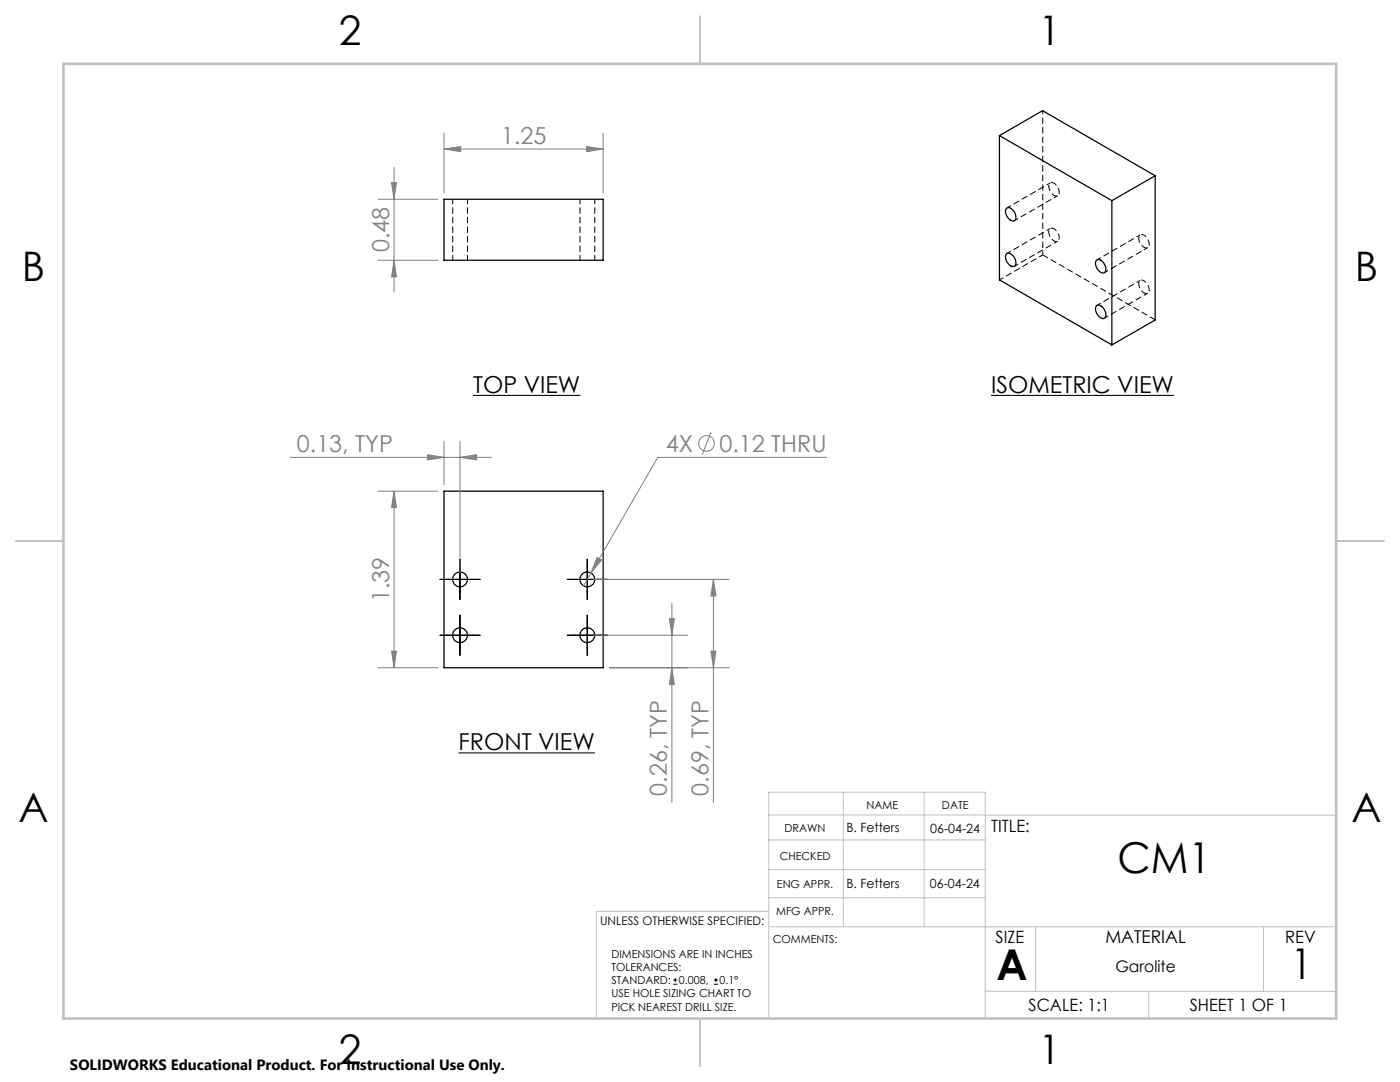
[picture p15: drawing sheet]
<svg xmlns="http://www.w3.org/2000/svg" width="279mm" height="216mm" viewBox="0 0 279 216" stroke-linecap="round" stroke-linejoin="round" font-family="sans-serif">
<defs><g id="words">
<g font-size="8.5">
<text x="223" y="174.2">CM1</text>
<text x="198.9" y="195.5">A</text>
<text x="257.6" y="195.4">1</text>
</g>
<g font-size="8.1">
<text x="67.6" y="8.9">2</text>
<text x="207.3" y="8.9">1</text>
<text x="4.4" y="56.1">B</text>
<text x="270.4" y="56.1">B</text>
<text x="3.7" y="164.1">A</text>
<text x="269.7" y="164.1">A</text>
<text x="67.6" y="212.4">2</text>
<text x="207.3" y="212.4">1</text>
</g>
<g font-size="4.7" fill="#808080">
<text x="100" y="28.7">1.25</text>
<text x="77.6" y="50.3" transform="rotate(-90 77.6 50.3)">0.48</text>
<text x="59.3" y="90.2">0.13, TYP</text>
<text x="132.9" y="90.2">4X</text>
<text x="143.6" y="90.2">0.12 THRU</text>
<text x="77.6" y="120.1" transform="rotate(-90 77.6 120.1)">1.39</text>
<text x="133.1" y="158.8" transform="rotate(-90 133.1 158.8)">0.26, TYP</text>
<text x="141.4" y="158.8" transform="rotate(-90 141.4 158.8)">0.69, TYP</text>
</g>
<g font-size="4.7">
<text x="94.4" y="78.4">TOP VIEW</text>
<text x="197.8" y="78.4">ISOMETRIC VIEW</text>
<text x="91.5" y="149.7">FRONT VIEW</text>
</g>
<text font-size="3.5" x="220.6" y="188.1">MATERIAL</text>
<g font-size="3.4">
<text x="197.8" y="166">TITLE:</text>
<text x="198.7" y="188.1">SIZE</text>
<text x="256.5" y="188.2">REV</text>
<text x="205.3" y="201.7">SCALE: 1:1</text>
<text x="237.4" y="201.7">SHEET 1 OF 1</text>
</g>
<text font-size="3.2" x="222.6" y="193.9">Garolite</text>
<text font-size="3" x="14" y="213.5">SOLIDWORKS Educational Product. For Instructional Use Only.</text>
<g font-size="2.5">
<text x="168.9" y="166.1">B. Fetters</text>
<text x="185.7" y="166.2">06-04-24</text>
<text x="168.9" y="177.1">B. Fetters</text>
<text x="185.6" y="177.1">06-04-24</text>
</g>
<text font-size="2.4" x="119.8" y="184.6">UNLESS OTHERWISE SPECIFIED:</text>
<g font-size="2.2">
<text x="172.9" y="161.4">NAME</text>
<text x="188" y="161.4">DATE</text>
<text x="156.6" y="166.1">DRAWN</text>
<text x="155.6" y="171.6">CHECKED</text>
<text x="155.1" y="177.1">ENG APPR.</text>
<text x="154.9" y="182.6">MFG APPR.</text>
<text x="122" y="191.1">DIMENSIONS ARE IN INCHES</text>
<text x="154.2" y="188.1">COMMENTS:</text>
<text x="122" y="193.7">TOLERANCES:</text>
<text x="122" y="196.4">STANDARD:</text>
<text x="135.5" y="196.4">0.008,</text>
<text x="143.6" y="196.4">0.1°</text>
<text x="122" y="199">USE HOLE SIZING CHART TO</text>
<text x="122" y="201.7">PICK NEAREST DRILL SIZE.</text>
</g>
</g></defs>
<g fill="none" stroke="#000" stroke-width=".25">
<path d="M88.6 39.8h31.8v12.1h-31.8zM199.5 27.1v28.7l22.4 13M199.5 27.1l22.4 12.9M199.5 27.1l8.6-5 22.4 13M230.5 35.1v28.8l-8.6 4.9M230.5 35.1l-8.6 4.9M200.8 41.6a1.2 1.2 0 0 1 1.7 .8 1.2 1.2 0 0 1-.2 1.7 1.85 1.85 0 0 1-1.5-2.5zM200.8 50.7a1.06 1.06 0 0 1 1.6 .6l.1 .2a1.15 1.15 0 0 1-.2 1.7 1.81 1.81 0 0 1-1.5-2.5zM218.8 51.9a1.35 1.35 0 0 1 1.8 1.2 .86 .86 0 0 1-.5 1.4 1.93 1.93 0 0 1-1.3-2.6zM221.9 40v28.8M218.8 61a1.59 1.59 0 0 1 1.9 1.6 .72 .72 0 0 1-.3 .9 .72 .72 0 0 1-1-.2 1.9 1.9 0 0 1-.6-2.3zM88.6 98h31.8v35.2h-31.8z"/>
<circle cx="91.8" cy="115.6" r="1.48"/>
<circle cx="117.2" cy="115.6" r="1.49"/>
<circle cx="91.8" cy="126.7" r="1.49"/>
<circle cx="117.2" cy="126.8" r="1.48"/>
</g>
<path d="M90.4 39.7v12.2M115.8 39.7v12.2M93.3 51.9v-12.2M118.7 51.9v-12.2" fill="none" stroke="#000" stroke-width=".2" stroke-dasharray="1.3 .6" stroke-dashoffset=".3" stroke-linecap="butt"/>
<path d="M210.3 39a.7 .7 0 0 0 .9-.1 .7 .7 0 0 0 .2-.9 1.59 1.59 0 0 0-1.8-1.5 1.78 1.78 0 0 0 .7 2.5M210.3 48.1a.7 .7 0 0 0 .9-.1 .7 .7 0 0 0 .2-.9 1.59 1.59 0 0 0-1.8-1.5 1.78 1.78 0 0 0 .7 2.5M228.3 46.9a.7 .7 0 0 0-.9 .1 .7 .7 0 0 0-.1 .9 1.59 1.59 0 0 0 1.8 1.5 1.78 1.78 0 0 0-.8-2.5M228.3 56a.7 .7 0 0 0-.9 .1 .7 .7 0 0 0-.1 .9 1.59 1.59 0 0 0 1.8 1.5 1.78 1.78 0 0 0-.8-2.5" fill="none" stroke="#000" stroke-width=".2" stroke-dasharray="1.3 .6" stroke-dashoffset=".7" stroke-linecap="butt"/>
<path d="M208.1 22.1v28.8" fill="none" stroke="#000" stroke-width=".2" stroke-dasharray="1.3 .6" stroke-dashoffset=".5" stroke-linecap="butt"/>
<path d="M209.6 36.5l-8.6 5M199.5 55.8l8.6-4.9M202.5 44l8.6-5M202.5 53.1l8.6-5M209.6 45.6l-8.6 5M220.4 54.4l8.6-5M227.6 46.9l-8.6 4.9M227.6 55.9l-8.6 5M220.4 63.5l8.6-5" fill="none" stroke="#000" stroke-width=".2" stroke-dasharray="1.3 .6" stroke-dashoffset=".4" stroke-linecap="butt"/>
<path d="M208.1 50.9l22.5 12.9" fill="none" stroke="#000" stroke-width=".2" stroke-dasharray="1.3 .6" stroke-dashoffset=".1" stroke-linecap="butt"/>
<g fill="none" stroke="#808080" stroke-width=".2">
<path d="M75.5 39.8h11.8M78.1 36.4h1l-.5 3.4zM78.6 33.4v24.9M88.6 29.7l3.3-.5v1.1zM88.6 26.6v11.9M88.6 29.7h31.8M117.1 29.2l3.3 .5-3.3 .6zM120.4 26.6v11.9M75.5 51.9h11.8M78.6 51.9l.5 3.3h-1zM58 91.3h40.1M75.5 98h11.8"/>
<path d="M78.6 98l.5 3.3h-1zM78.6 98v35.2M85.3 90.7l3.3 .6-3.3 .5zM88.6 88.1v8.6M91.8 91.3l3.3-.6v1.1zM91.8 88.1v26.2M141.9 86.3l-1.8 4.4M165 91.3h-33.7l-13.4 23M117.9 114.3l-1.4 2.6M118.5 115.6h27.1M119.2 111.2l.9 .5-2.2 2.6zM142.4 115.6v44.5"/>
<path d="M142.4 115.6l.5 3.3h-1zM75.5 133.2h11.8M78.1 129.9h1l-.5 3.3zM118.5 126.8h18.8M121.6 133.2h24M133.6 123.4h1l-.5 3.4zM134.1 120.4v39.7M134.1 133.2l.5 3.4h-1zM141.9 129.9h1l-.5 3.3z"/>
<circle cx="141" cy="88.5" r="1.55"/>
</g>
<g fill="none" stroke="#000" stroke-width=".2">
<path d="M87.8 115.6h8M91.8 111.6v8M113.2 115.6h8M117.2 111.6v8M87.8 126.8h8M91.8 122.7v8.1M113.2 126.8h8M117.2 122.7v8.1M134.3 196.4h.9M134.3 195.5h.9M134.8 195.2v.8M142.5 196.4h.8"/>
<path d="M142.5 195.5h.8M142.9 195.2v.8"/>
</g>
<path d="M94.4 78.9h21.4M197.8 78.9h36.5M91.5 150.2h27.2" fill="none" stroke="#000" stroke-width=".21"/>
<g fill="none" stroke="#c0c0c0" stroke-width=".2">
<path d="M168.3 158.1v26.8M184.4 158.1v26.8M153.4 162.6l113.3 .1M153.4 167.6h43.2M153.4 173.5h43.2M153.4 179.1h43.2M153.4 181.9h-34.4v21.3M153.6 184.9h113.1M196.6 197.8h70.1M206.7 184.9v12.9M229.3 197.8v5.4M252.2 184.9v12.9"/>
<path d="M153.4 203.2v-45.1h43.2v45.1"/>
</g>
<path d="M139.7 3.2v9.5M3.1 107.9h9.6M266.7 107.9h9.5M139.7 203.2v9.6" fill="none" stroke="#c0c0c0" stroke-width=".25"/>
<path d="M12.7 12.7h254v190.5h-254z" fill="none" stroke="#c0c0c0" stroke-width=".5"/>
<g fill="#808080">
<path d="M119.2 111.2l.9 .5-2.2 2.6z"/>
<path d="M117.1 29.2l3.3 .5-3.3 .6zM88.6 29.7l3.3-.5v1.1z"/>
<path d="M85.3 90.7l3.3 .6-3.3 .5zM91.8 91.3l3.3-.6v1.1z"/>
<path d="M134.1 133.2l.5 3.4h-1zM133.6 123.4h1l-.5 3.4zM141.9 129.9h1l-.5 3.3zM142.4 115.6l.5 3.3h-1zM78.6 51.9l.5 3.3h-1zM78.1 36.4h1l-.5 3.4z"/>
<path d="M78.6 98l.5 3.3h-1zM78.1 129.9h1l-.5 3.3z"/>
</g>
<use href="#words"/>
</svg>

- _Problem requirements_:
Across all the records above, find each line with "dashoffset" in it and copy it.

- _Finished task_:
<path d="M90.4 39.7v12.2M115.8 39.7v12.2M93.3 51.9v-12.2M118.7 51.9v-12.2" fill="none" stroke="#000" stroke-width=".2" stroke-dasharray="1.3 .6" stroke-dashoffset=".3" stroke-linecap="butt"/>
<path d="M210.3 39a.7 .7 0 0 0 .9-.1 .7 .7 0 0 0 .2-.9 1.59 1.59 0 0 0-1.8-1.5 1.78 1.78 0 0 0 .7 2.5M210.3 48.1a.7 .7 0 0 0 .9-.1 .7 .7 0 0 0 .2-.9 1.59 1.59 0 0 0-1.8-1.5 1.78 1.78 0 0 0 .7 2.5M228.3 46.9a.7 .7 0 0 0-.9 .1 .7 .7 0 0 0-.1 .9 1.59 1.59 0 0 0 1.8 1.5 1.78 1.78 0 0 0-.8-2.5M228.3 56a.7 .7 0 0 0-.9 .1 .7 .7 0 0 0-.1 .9 1.59 1.59 0 0 0 1.8 1.5 1.78 1.78 0 0 0-.8-2.5" fill="none" stroke="#000" stroke-width=".2" stroke-dasharray="1.3 .6" stroke-dashoffset=".7" stroke-linecap="butt"/>
<path d="M208.1 22.1v28.8" fill="none" stroke="#000" stroke-width=".2" stroke-dasharray="1.3 .6" stroke-dashoffset=".5" stroke-linecap="butt"/>
<path d="M209.6 36.5l-8.6 5M199.5 55.8l8.6-4.9M202.5 44l8.6-5M202.5 53.1l8.6-5M209.6 45.6l-8.6 5M220.4 54.4l8.6-5M227.6 46.9l-8.6 4.9M227.6 55.9l-8.6 5M220.4 63.5l8.6-5" fill="none" stroke="#000" stroke-width=".2" stroke-dasharray="1.3 .6" stroke-dashoffset=".4" stroke-linecap="butt"/>
<path d="M208.1 50.9l22.5 12.9" fill="none" stroke="#000" stroke-width=".2" stroke-dasharray="1.3 .6" stroke-dashoffset=".1" stroke-linecap="butt"/>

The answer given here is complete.